··· Records shown ···

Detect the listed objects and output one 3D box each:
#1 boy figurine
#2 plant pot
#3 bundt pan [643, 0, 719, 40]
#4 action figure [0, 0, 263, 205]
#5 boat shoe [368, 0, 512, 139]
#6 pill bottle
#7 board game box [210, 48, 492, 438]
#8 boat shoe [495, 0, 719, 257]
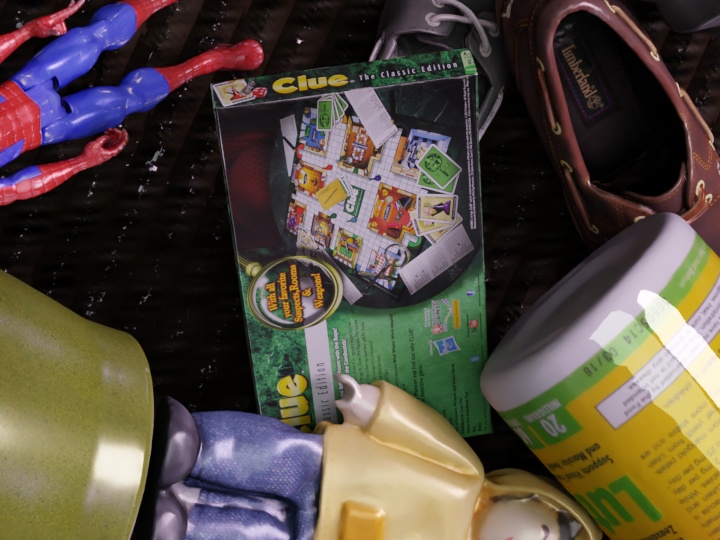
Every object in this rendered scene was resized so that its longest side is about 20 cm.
[{"bbox_3d":[0.006,0.110,0.945,0.199,0.064,0.125,12,92,-12],"label":"boy figurine"},{"bbox_3d":[-0.193,0.066,0.895,0.192,0.200,0.201,16,92,-24],"label":"plant pot"},{"bbox_3d":[0.153,-0.181,0.953,0.201,0.076,0.203,14,61,-27],"label":"bundt pan"},{"bbox_3d":[-0.125,-0.071,0.908,0.200,0.052,0.066,-33,107,-36],"label":"action figure"},{"bbox_3d":[0.028,-0.069,0.980,0.067,0.057,0.201,24,91,-13],"label":"boat shoe"},{"bbox_3d":[0.153,0.084,0.932,0.111,0.111,0.200,-43,96,-5],"label":"pill bottle"},{"bbox_3d":[0.000,0.000,0.925,0.104,0.024,0.201,-9,132,-5],"label":"board game box"},{"bbox_3d":[0.119,-0.046,0.974,0.070,0.070,0.200,-35,118,2],"label":"boat shoe"}]
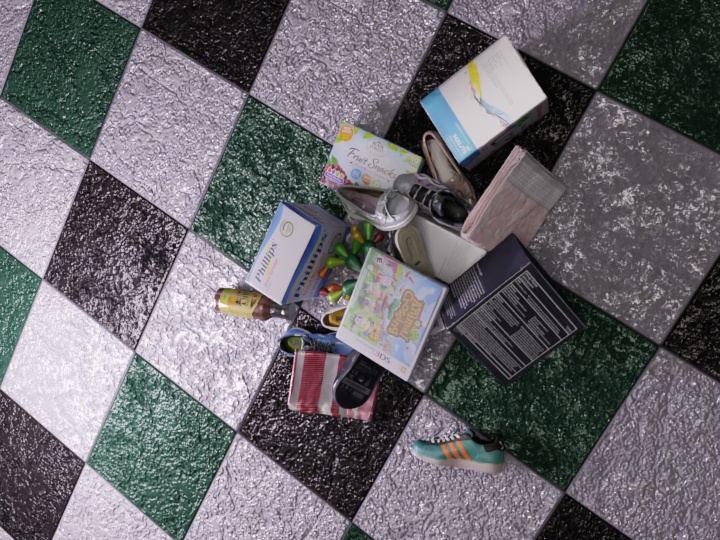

···

What this task involves :: Print the material above verbatim, no images.

Exercise response ::
Detect the listed objects and output one 3D box each:
#1 boy figurine
#2 plant pot
#3 bundt pan [643, 0, 719, 40]
#4 action figure [0, 0, 263, 205]
#5 boat shoe [368, 0, 512, 139]
#6 pill bottle
#7 board game box [210, 48, 492, 438]
#8 boat shoe [495, 0, 719, 257]
Every object in this rendered scene was resized so that its longest side is about 20 cm.
[{"bbox_3d":[0.006,0.110,0.945,0.199,0.064,0.125,12,92,-12],"label":"boy figurine"},{"bbox_3d":[-0.193,0.066,0.895,0.192,0.200,0.201,16,92,-24],"label":"plant pot"},{"bbox_3d":[0.153,-0.181,0.953,0.201,0.076,0.203,14,61,-27],"label":"bundt pan"},{"bbox_3d":[-0.125,-0.071,0.908,0.200,0.052,0.066,-33,107,-36],"label":"action figure"},{"bbox_3d":[0.028,-0.069,0.980,0.067,0.057,0.201,24,91,-13],"label":"boat shoe"},{"bbox_3d":[0.153,0.084,0.932,0.111,0.111,0.200,-43,96,-5],"label":"pill bottle"},{"bbox_3d":[0.000,0.000,0.925,0.104,0.024,0.201,-9,132,-5],"label":"board game box"},{"bbox_3d":[0.119,-0.046,0.974,0.070,0.070,0.200,-35,118,2],"label":"boat shoe"}]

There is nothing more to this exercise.